* PROBLEM STATEMENT
Below are entries to reproduce exactly, apart from their pictures.

Stored dataset items:
--- START ---
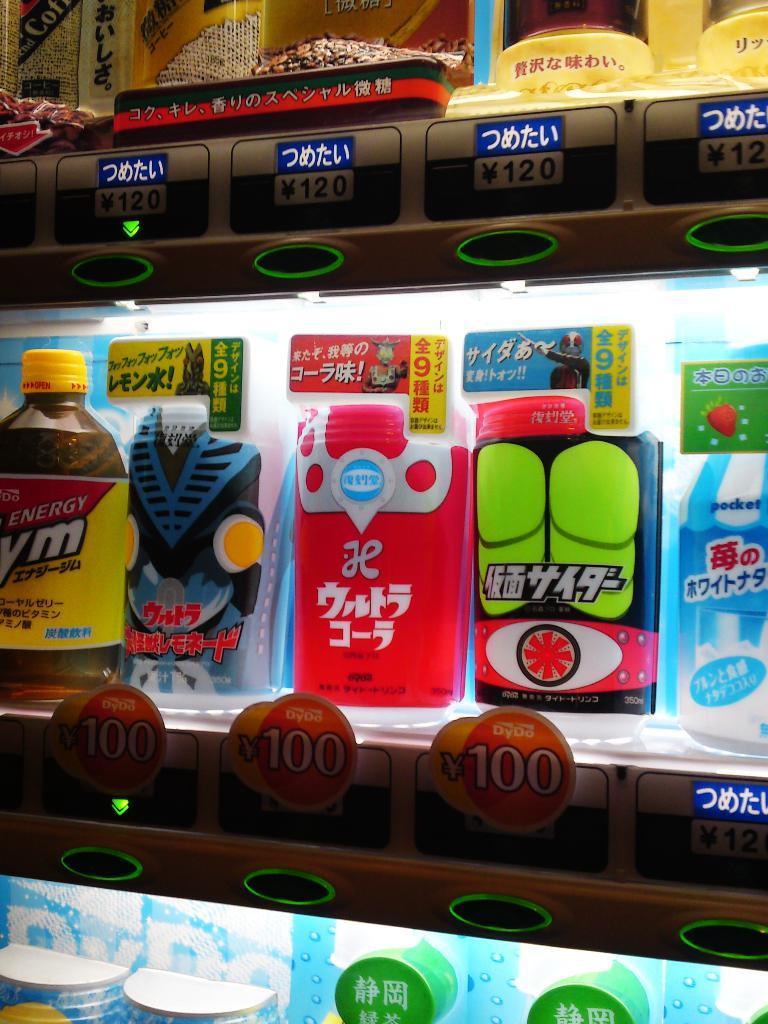Describe this image in one or two sentences. In the picture we can see a super market racks with some items and price tags to the racks and lights to the racks focused on the items. 
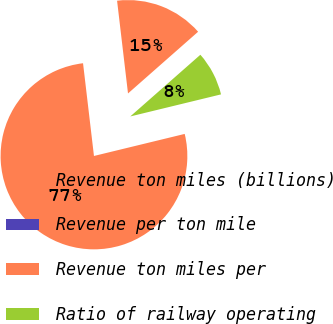Convert chart. <chart><loc_0><loc_0><loc_500><loc_500><pie_chart><fcel>Revenue ton miles (billions)<fcel>Revenue per ton mile<fcel>Revenue ton miles per<fcel>Ratio of railway operating<nl><fcel>15.38%<fcel>0.0%<fcel>76.92%<fcel>7.69%<nl></chart> 
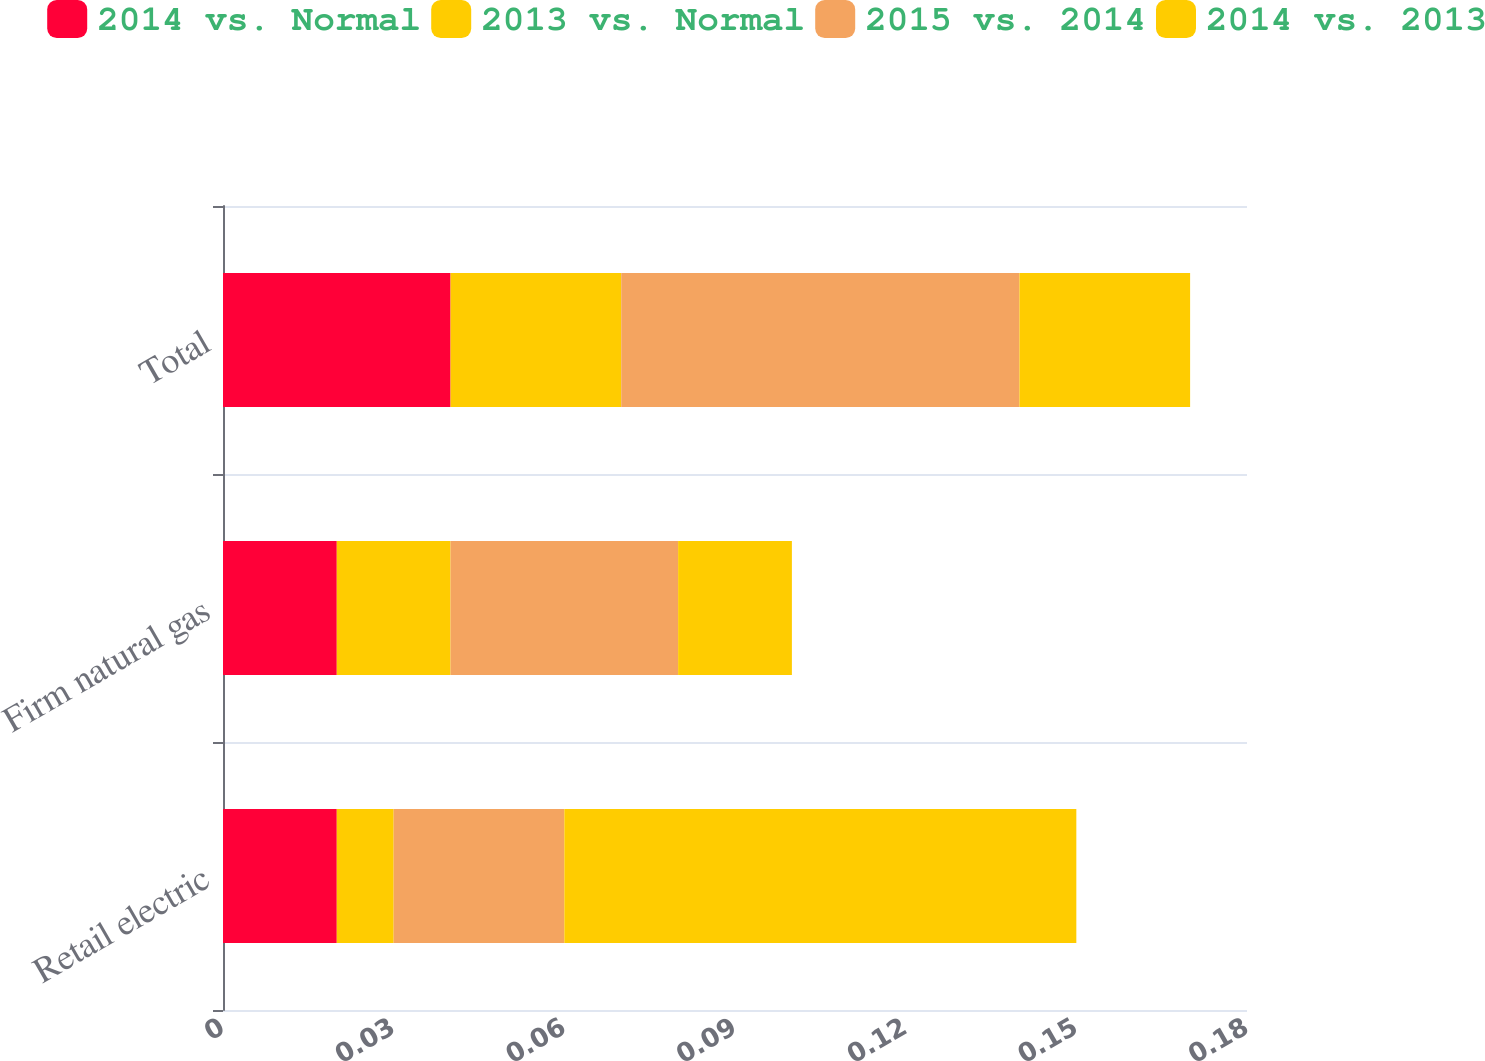Convert chart. <chart><loc_0><loc_0><loc_500><loc_500><stacked_bar_chart><ecel><fcel>Retail electric<fcel>Firm natural gas<fcel>Total<nl><fcel>2014 vs. Normal<fcel>0.02<fcel>0.02<fcel>0.04<nl><fcel>2013 vs. Normal<fcel>0.01<fcel>0.02<fcel>0.03<nl><fcel>2015 vs. 2014<fcel>0.03<fcel>0.04<fcel>0.07<nl><fcel>2014 vs. 2013<fcel>0.09<fcel>0.02<fcel>0.03<nl></chart> 
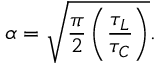Convert formula to latex. <formula><loc_0><loc_0><loc_500><loc_500>\alpha = \sqrt { \frac { \pi } { 2 } \left ( \frac { \tau _ { L } } { \tau _ { C } } \right ) } .</formula> 
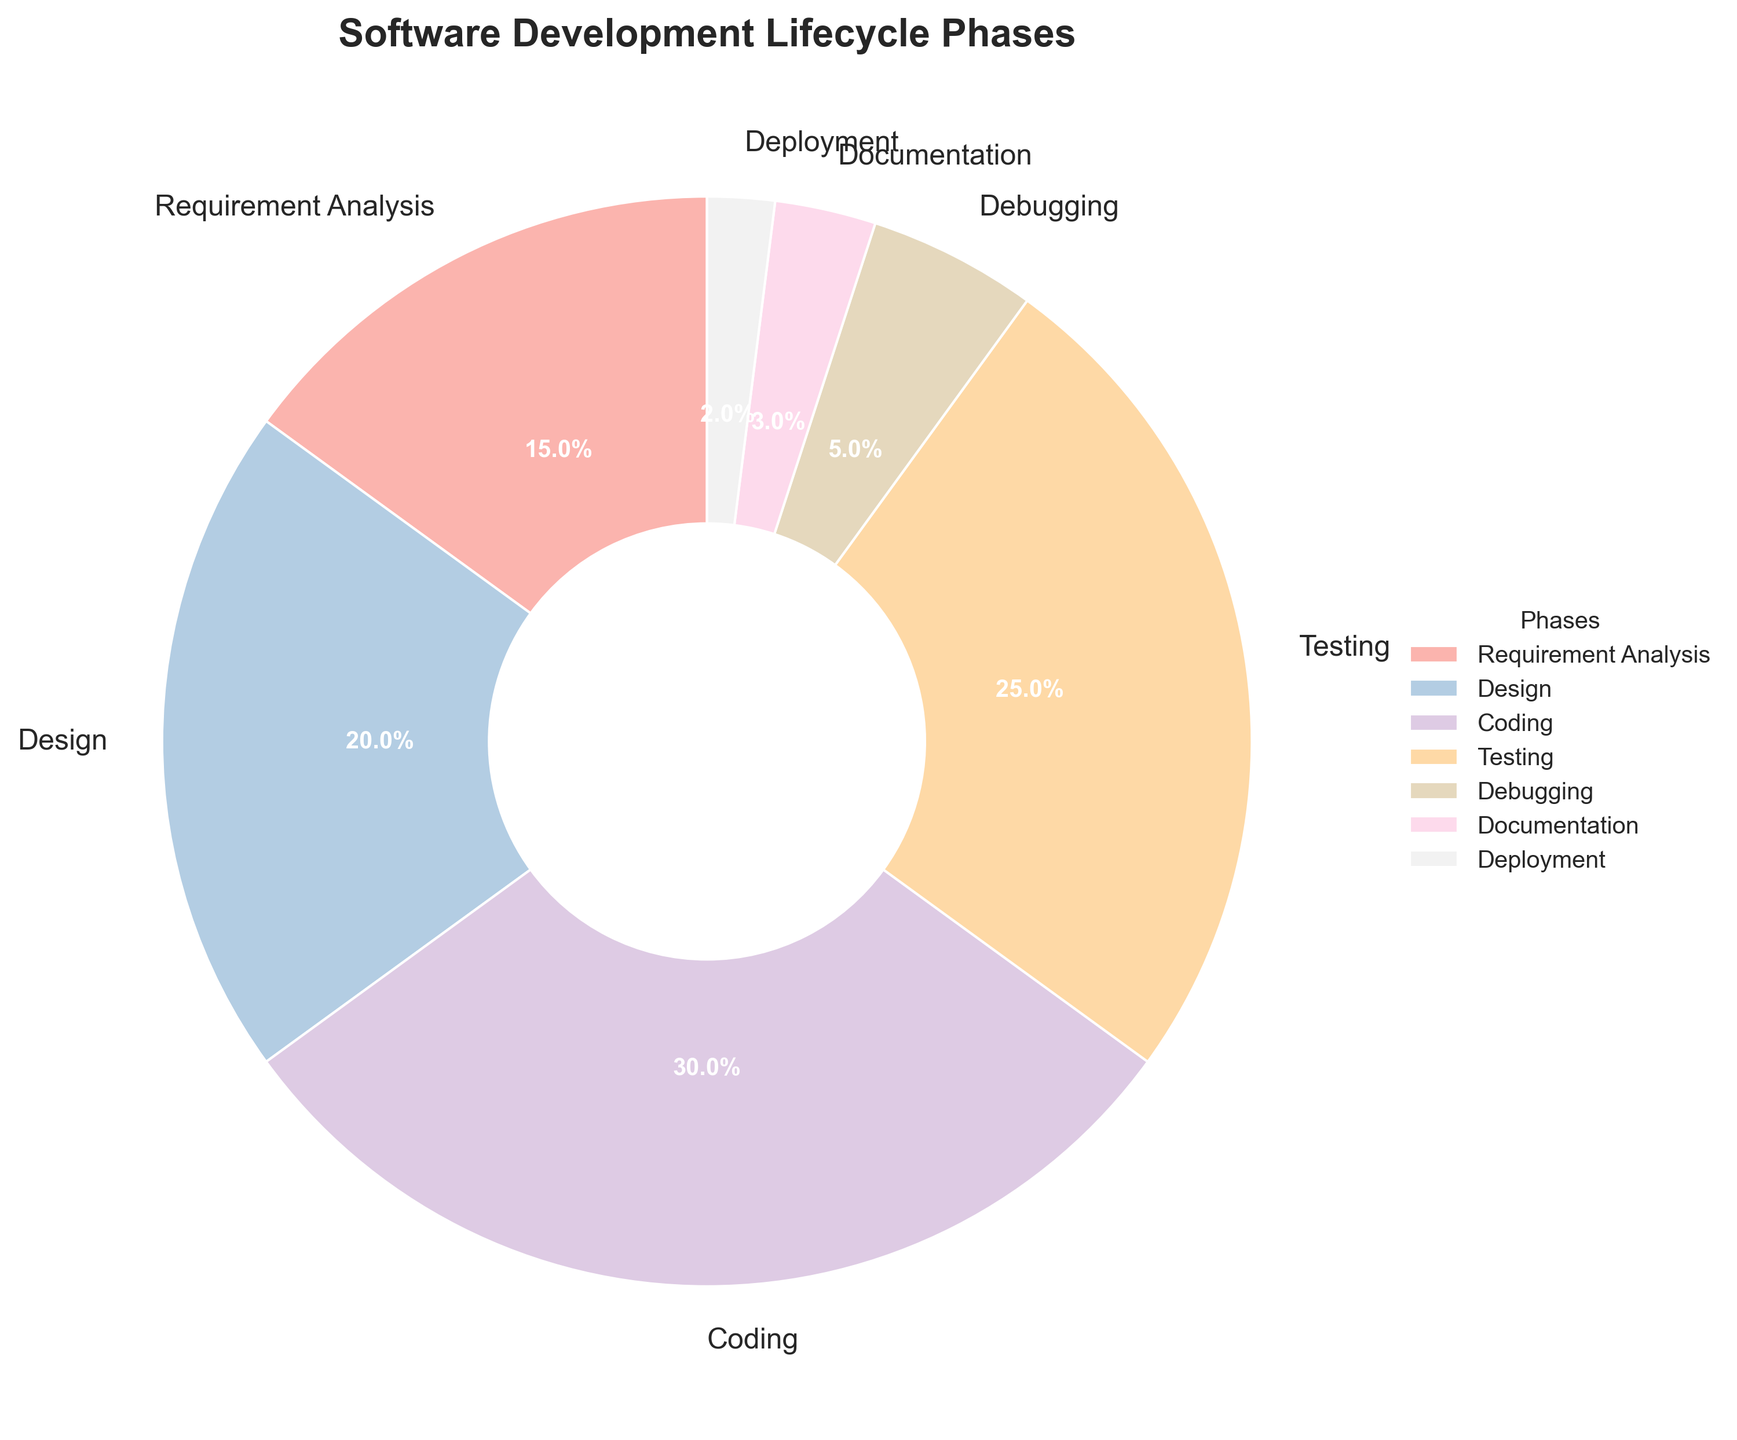What percentage of time is spent on Testing? The pie chart provides the percentage allocation of time spent on different phases. Testing constitutes 25% of the total time spent on the software development lifecycle.
Answer: 25% Which phase takes the least amount of time? By examining the pie chart, Deployment has the smallest segment, highlighting that it takes the least amount of time with just 2%.
Answer: Deployment How much more time is spent on Coding compared to Debugging? Coding is 30% while Debugging is 5%. Subtracting the two percentages (30% - 5%), we find that 25% more time is spent on Coding compared to Debugging.
Answer: 25% What is the combined percentage of time spent on Testing and Design? Testing accounts for 25% and Design for 20%. Adding these together, the combined percentage is 25% + 20% = 45%.
Answer: 45% If we group together Requirement Analysis, Testing, and Debugging, what percentage of time is spent collectively? Requirement Analysis is 15%, Testing is 25%, and Debugging is 5%. Adding these, we get 15% + 25% + 5% = 45%.
Answer: 45% Which phase has the highest allocation of time, and what is the percentage? Examining the pie chart, Coding has the largest segment, indicating it has the highest allocation of time at 30%.
Answer: Coding, 30% How does the time spent on Documentation compare to Deployment? Documentation takes 3% of the time, while Deployment takes 2%. Therefore, Documentation has a slightly higher allocation (3% vs 2%).
Answer: Documentation spends more time Which phases account for more than 20% of the time allocation each? From the pie chart, only Coding (30%) and Testing (25%) each account for more than 20% of the time allocation.
Answer: Coding and Testing By how much does the time spent on Design exceed that of Documentation? Design has a 20% allocation, whereas Documentation has 3%. Subtracting these values (20% - 3%), it exceeds by 17%.
Answer: 17% What's the visual color representation for the phase with the smallest percentage? The Deployment phase, which is the smallest segment, is represented by a light pastel color (depending on the specific color palette chosen, usually a light shade).
Answer: Light pastel color for Deployment
--- END ---
* EXERCISE SOLUTION
Describe this image in one or two sentences. In the picture we can see a super market racks with some items and price tags to the racks and lights to the racks focused on the items. 
Convert chart. <chart><loc_0><loc_0><loc_500><loc_500><pie_chart><fcel>Revenue ton miles (billions)<fcel>Revenue per ton mile<fcel>Revenue ton miles per<fcel>Ratio of railway operating<nl><fcel>15.38%<fcel>0.0%<fcel>76.92%<fcel>7.69%<nl></chart> 
Convert chart. <chart><loc_0><loc_0><loc_500><loc_500><stacked_bar_chart><ecel><fcel>Retail electric<fcel>Firm natural gas<fcel>Total<nl><fcel>2014 vs. Normal<fcel>0.02<fcel>0.02<fcel>0.04<nl><fcel>2013 vs. Normal<fcel>0.01<fcel>0.02<fcel>0.03<nl><fcel>2015 vs. 2014<fcel>0.03<fcel>0.04<fcel>0.07<nl><fcel>2014 vs. 2013<fcel>0.09<fcel>0.02<fcel>0.03<nl></chart> 
Convert formula to latex. <formula><loc_0><loc_0><loc_500><loc_500>\alpha = \sqrt { \frac { \pi } { 2 } \left ( \frac { \tau _ { L } } { \tau _ { C } } \right ) } .</formula> 
What percentage of time is spent on Testing? The pie chart provides the percentage allocation of time spent on different phases. Testing constitutes 25% of the total time spent on the software development lifecycle.
Answer: 25% Which phase takes the least amount of time? By examining the pie chart, Deployment has the smallest segment, highlighting that it takes the least amount of time with just 2%.
Answer: Deployment How much more time is spent on Coding compared to Debugging? Coding is 30% while Debugging is 5%. Subtracting the two percentages (30% - 5%), we find that 25% more time is spent on Coding compared to Debugging.
Answer: 25% What is the combined percentage of time spent on Testing and Design? Testing accounts for 25% and Design for 20%. Adding these together, the combined percentage is 25% + 20% = 45%.
Answer: 45% If we group together Requirement Analysis, Testing, and Debugging, what percentage of time is spent collectively? Requirement Analysis is 15%, Testing is 25%, and Debugging is 5%. Adding these, we get 15% + 25% + 5% = 45%.
Answer: 45% Which phase has the highest allocation of time, and what is the percentage? Examining the pie chart, Coding has the largest segment, indicating it has the highest allocation of time at 30%.
Answer: Coding, 30% How does the time spent on Documentation compare to Deployment? Documentation takes 3% of the time, while Deployment takes 2%. Therefore, Documentation has a slightly higher allocation (3% vs 2%).
Answer: Documentation spends more time Which phases account for more than 20% of the time allocation each? From the pie chart, only Coding (30%) and Testing (25%) each account for more than 20% of the time allocation.
Answer: Coding and Testing By how much does the time spent on Design exceed that of Documentation? Design has a 20% allocation, whereas Documentation has 3%. Subtracting these values (20% - 3%), it exceeds by 17%.
Answer: 17% What's the visual color representation for the phase with the smallest percentage? The Deployment phase, which is the smallest segment, is represented by a light pastel color (depending on the specific color palette chosen, usually a light shade).
Answer: Light pastel color for Deployment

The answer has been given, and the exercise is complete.